Table 4 shows the results of our fixed effects model for average manufacturing wages in Mexican states. The results indicate that an increase in foreign investment at the state level (measured by the proportion of manufacturing workers employed in foreign firms in the state) results in an increase in average wages. The results strongly suggest that foreign investment has indeed benefited workers in manufacturing firms in Mexico by raising their average wages. Given the disproportionate allocation of foreign investment in some Mexican states (such as those along the U.S. border), as opposed to others (such as those in Southern Mexico), the results of the fixed effects model also suggest that foreign investment may have exacerbated the income inequality across Mexico’s regions.
Table 4.
Fixed Effects Model of Log Average Manufacturing Wages in Mexican States, 1992–2001
Model | |
---|---|
Proportion workers in foreign-owned firms | 0.486** |
(0.178) | |
Average years of education of workers | 0.116** |
(0.037) | |
Average years of tenure of workers | 0.048** |
(0.014) | |
Proportion female workers | −0.858* |
(0.357) | |
State-level GDP per capita | −0.009 |
(0.020) | |
Year 1999 | 0.052 |
(0.048) | |
Year 2001 | 0.111 |
(0.057) | |
Constant | −0.713 |
(0.459) | |
R-squared within | 0.5432 |
R-squared between | 0.3132 |
R-squared overall | 0.4020 |
Discussion and Conclusions
Our analysis has demonstrated that foreign investment and export production have a positive effect on wages in Mexico: Not only do foreign and export-oriented firms pay workers significantly more than other firms even after controlling for other relevant firm and worker characteristics, but they also appear to raise regional wage levels.15 It might at first seem difficult to reconcile these positive effects of foreign and export firms on workers’ wages in Mexico with the harmful effects of foreign investment and export production found by researchers using cross-national research methods. Over the past two decades, researchers in the dependency theory tradition and many others have found foreign direct investment and export production to be associated with increasing levels of inequality at the national level (Bornschier and Chase-Dunn, 1985; Alderson and Nielsen, 1999). However, the results of our statistical analysis are actually consistent with those of researchers using cross-national research methods. As we noted earlier, foreign firms may increase income inequality even while they raise wages. They may increase inequality in three different ways: First, by paying higher wages, foreign firms create a gap between workers employed in the foreign and domestic sectors. Second, our analysis further revealed higher wage premiums for workers in higher occupational groups. By raising the wages of white-collar workers and managers more than those of blue-collar workers, foreign firms may therefore be worsening an already unequal income distribution. Finally, the results of our spillover models suggest that workers in regions of the country with a greater presence of foreign investment receive higher wages. Since foreign firms are more likely to operate in certain states such as those located near the U.S. border, foreign investment flows may also be increasing inequality across regions. All these findings are highly suggestive of a positive association between foreign investment and income inequality in Mexico. However, a proper test of the effect that foreign firms have on the income distribution requires more detailed information than currently available in our surveys. Our study does, however, demonstrate that foreign investment may simultaneously raise average wage levels and increase inequality, thereby reconciling findings from previous studies.

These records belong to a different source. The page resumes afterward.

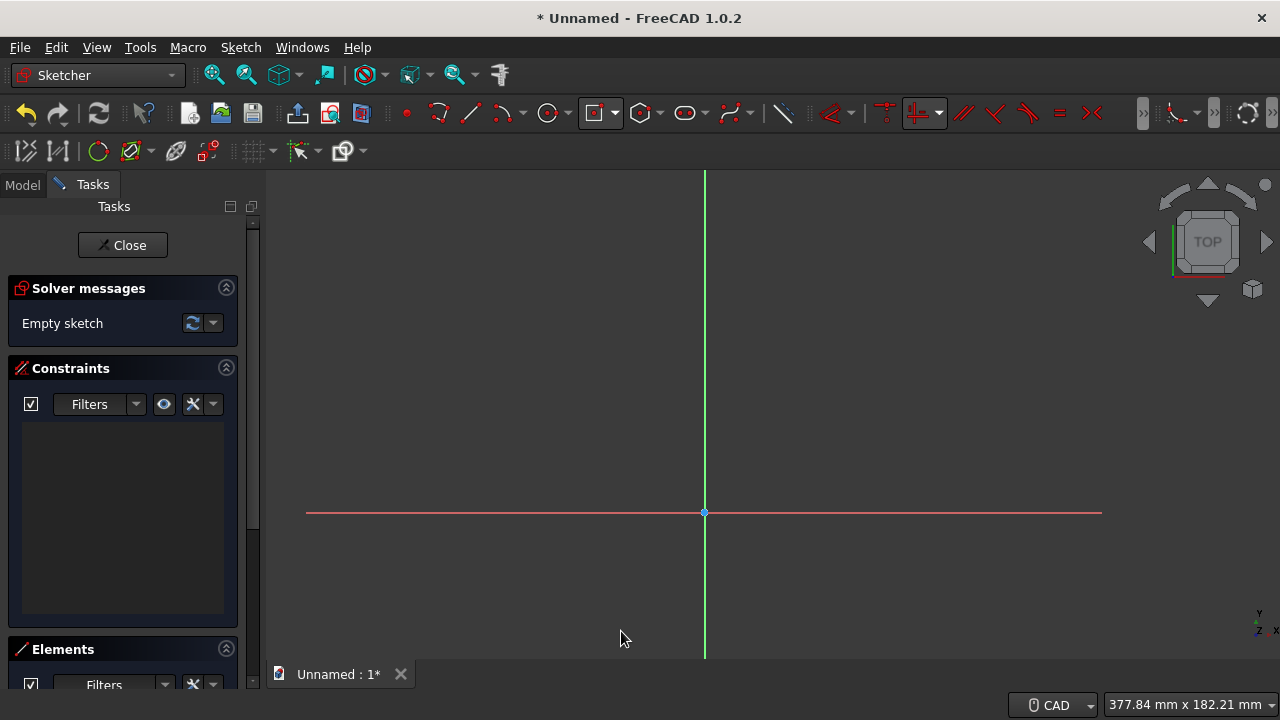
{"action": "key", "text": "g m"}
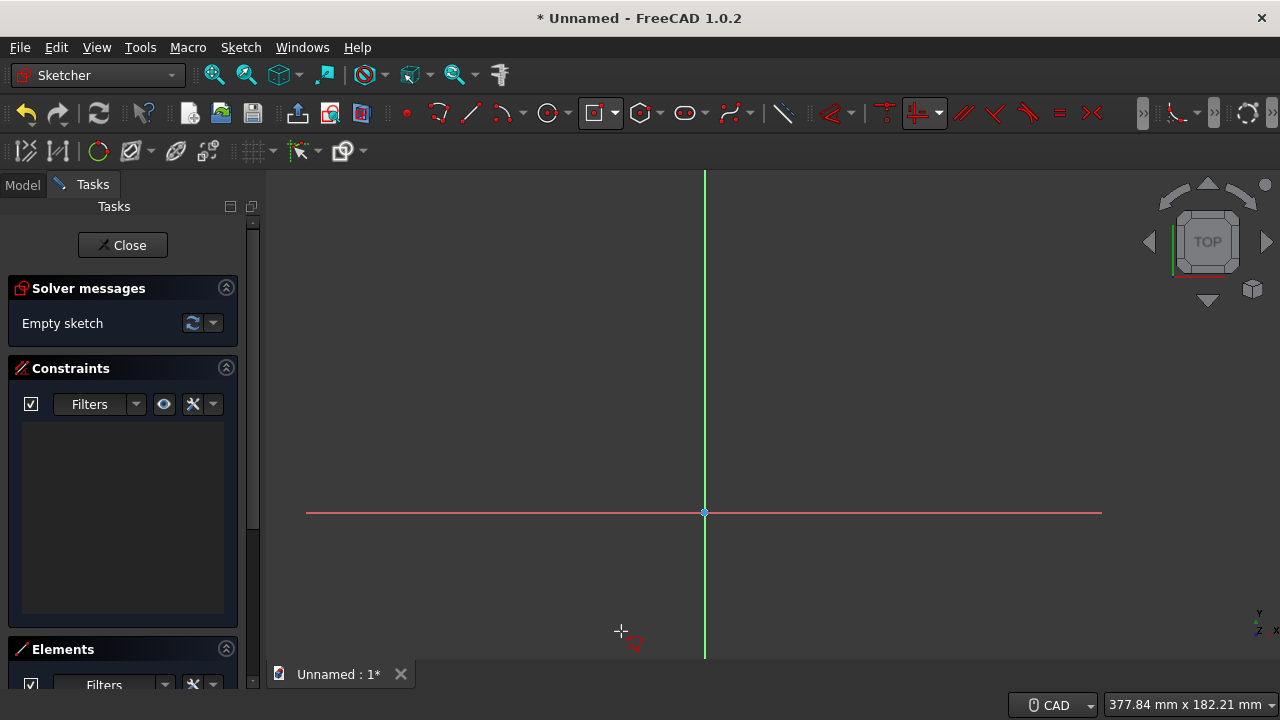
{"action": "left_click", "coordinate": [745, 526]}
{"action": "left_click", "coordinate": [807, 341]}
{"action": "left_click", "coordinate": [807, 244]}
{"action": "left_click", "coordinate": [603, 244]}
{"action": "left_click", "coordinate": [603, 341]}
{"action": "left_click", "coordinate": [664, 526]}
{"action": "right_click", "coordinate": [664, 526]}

At a theoretical level, our paper has attempted to show how sociological research on labor markets can be brought to bear on the debate about the effects of globalization, and how globalization research can in turn inform labor market theory. The labor market approach we are proposing has the advantage of empirically grounding the globalization debate which has often been carried out in very broad, generalized terms. Labor market theory allows us to specify the micro-level mechanisms through which foreign investment and export production may affect workers’ lives. Our analysis may therefore be seen as an attempt to “bring the firms in” to globalization research. Globalization research in turn has the potential to advance labor market theory by highlighting the importance of international factors in the determination of wages. Specialists on labor markets and organizations have so far mostly ignored the effect that foreign ownership of a firm and its focus on export production may have on workers’ wages. Yet our analysis has shown that they have a strong, independent effect. Future work should strive to better understand why that is.
Many of the hypotheses derived from well-established labor market theories failed to explain the higher wages paid by foreign and export-oriented firms. Factors such as the size of firms, their location, industry, productivity and use of advanced technologies did not fully account for the wage premium. Instead, our analysis suggests that wages in foreign-owned affiliates are tied to the conditions in the parent companies abroad. Data limitations prevented us from properly testing the effect of profit sharing between parent companies in other countries and workers in Mexican affiliates. However, our finding that the wage premium in foreign-owned manufacturing firms is proportional to the industry-specific wage differential between the country of origin of the capital investment and Mexico is consistent with findings from studies by Budd, Konings and Slaughter (2005) and Budd and Slaughter (2004), that find more direct evidence of profit sharing across borders. Of course, the evidence for profit sharing is only suggestive. More research is required into the finances and operations of multinational companies in order to corroborate that savings on labor costs are indeed passed on to workers in foreign affiliates. In particular, financial information from both parent companies and foreign affiliates would be required to further test this hypothesis and rule out competing explanations. As firms’ operations increasingly span more than one country it is essential that sociological analysis of firms do the same.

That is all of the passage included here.